While writing his memoirs after retirement, Kewal Singh, a former foreign secretary and high commissioner to Pakistan, needed to look at some of his own dispatches from Karachi (where the Pakistani foreign office was then located) and a few related notes. His request to the government was refused. How he got around this obstruction is best left unstated.

Even more scandalous is the government’s refusal to publish the official histories, written by the defence ministry’s historians, of the 1962, 1965 and 1971 wars. High-powered official committees have recommended their publications but abominable "no-men" of ministries of home affairs and external affairs have blocked this.

In 2005, the centenary year of Lal Bahadur Shastri, Prime Minister Manmohan Singh was willing to declassify all documents relating to the short-lived Shastri era so that a definitive biography of Shastriji could be written. All his efforts got lost in the politico-bureaucratic labyrinth. What happened to similar attempts by Rajiv Gandhi cannot be described in available space. What must take the cake, however, is that the 1914 file on MacMahon Line is open to anyone in London’s India Office Library. Here it has the highest classification!

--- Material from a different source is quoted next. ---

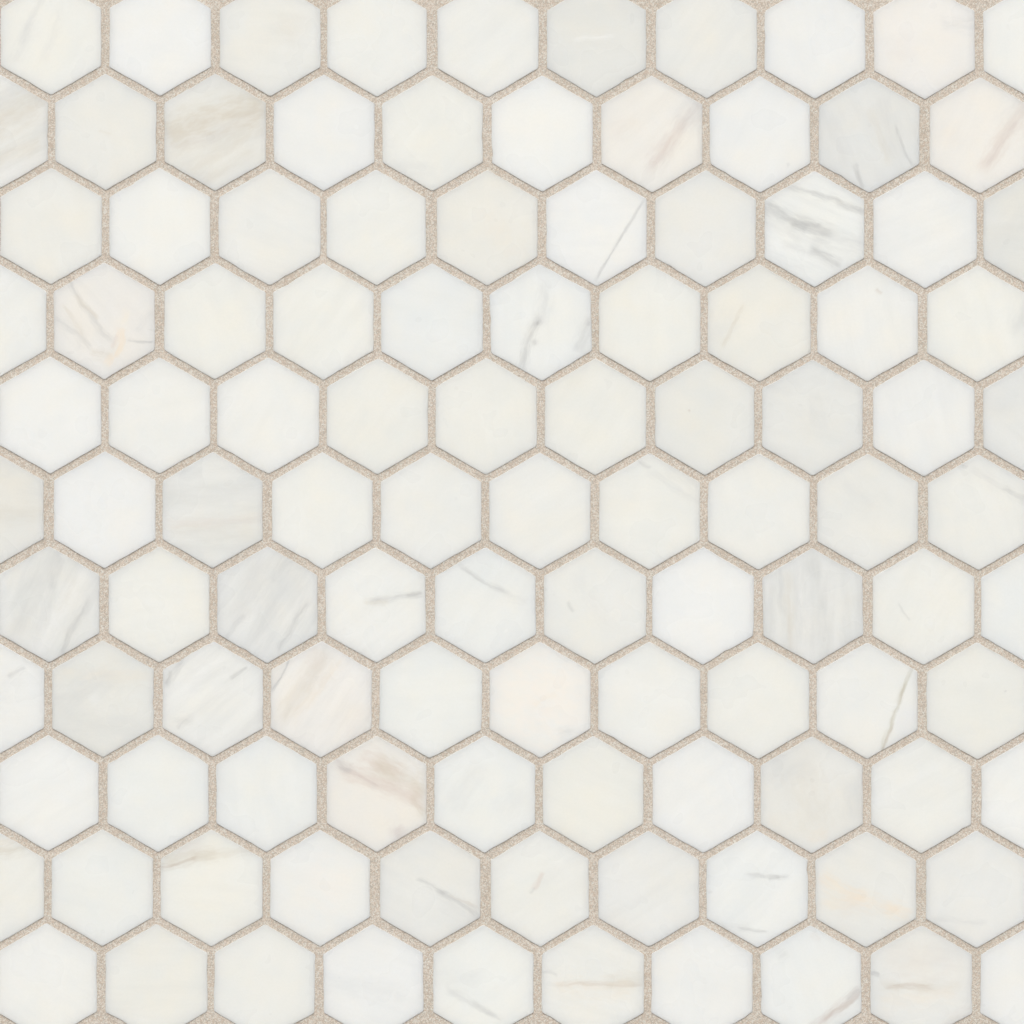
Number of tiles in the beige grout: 110
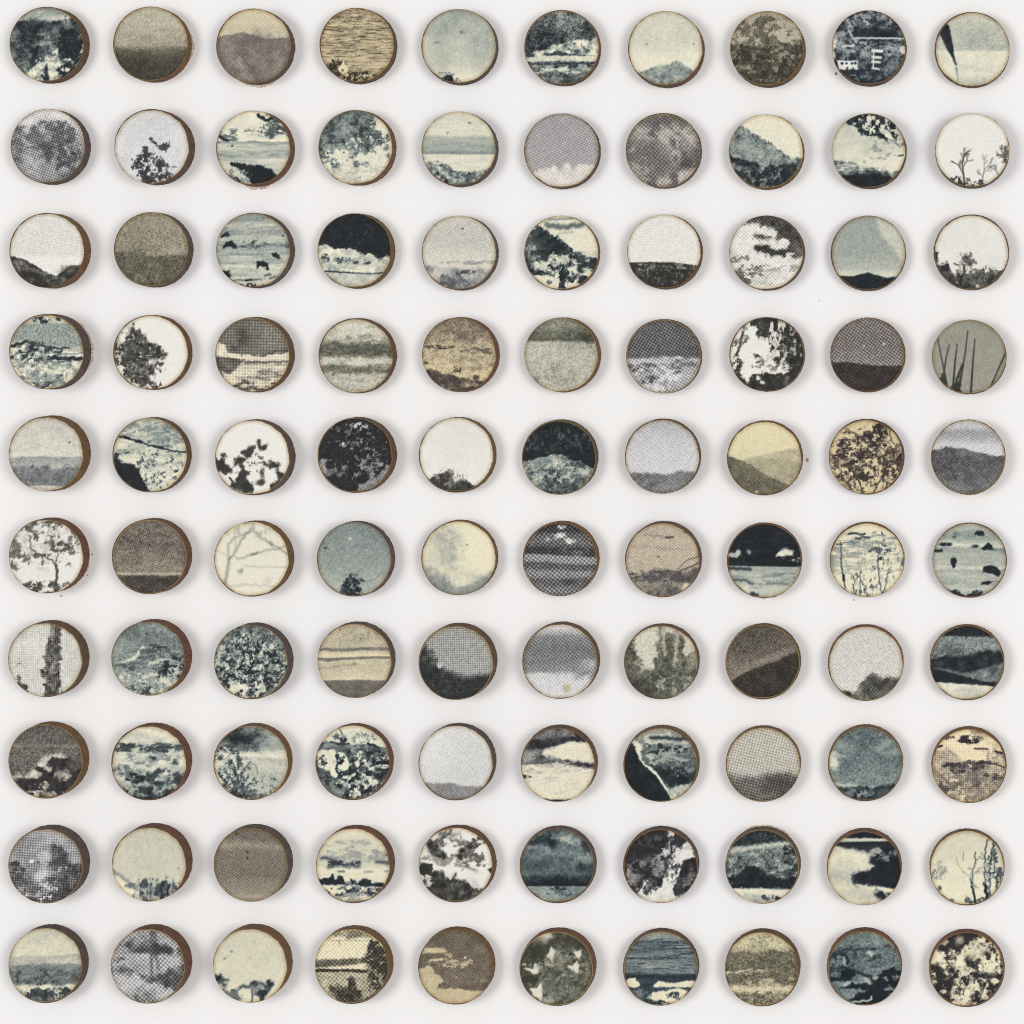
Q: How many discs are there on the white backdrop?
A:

Against this bleak backdrop, it is remarkable that Natwar Singh, in his latest and eminently readable book My China Diary (1956-88) — it covers his years at the Indian embassy in Beijing, his experience as liaison officer with Zhou Enlai during the latter’s 1960 failed talks with Nehru in Delhi and Rajiv Gandhi’s path-breaking 1988 visit to China when he was minister of state in the MEA — has published, for the first time, the verbatim record of the somewhat tense Nehru-Zhou conversation on April 25, 1960.

Rather excitedly, I asked him whether he had the government’s permission to publish this document and, if so, why hadn’t he included the rest of the talks between the two Prime Ministers. The former foreign affairs minister replied that he had no such permission; he had found the document in the P.N. Haksar Papers in the Jawaharlal Nehru Memorial Museum and Library.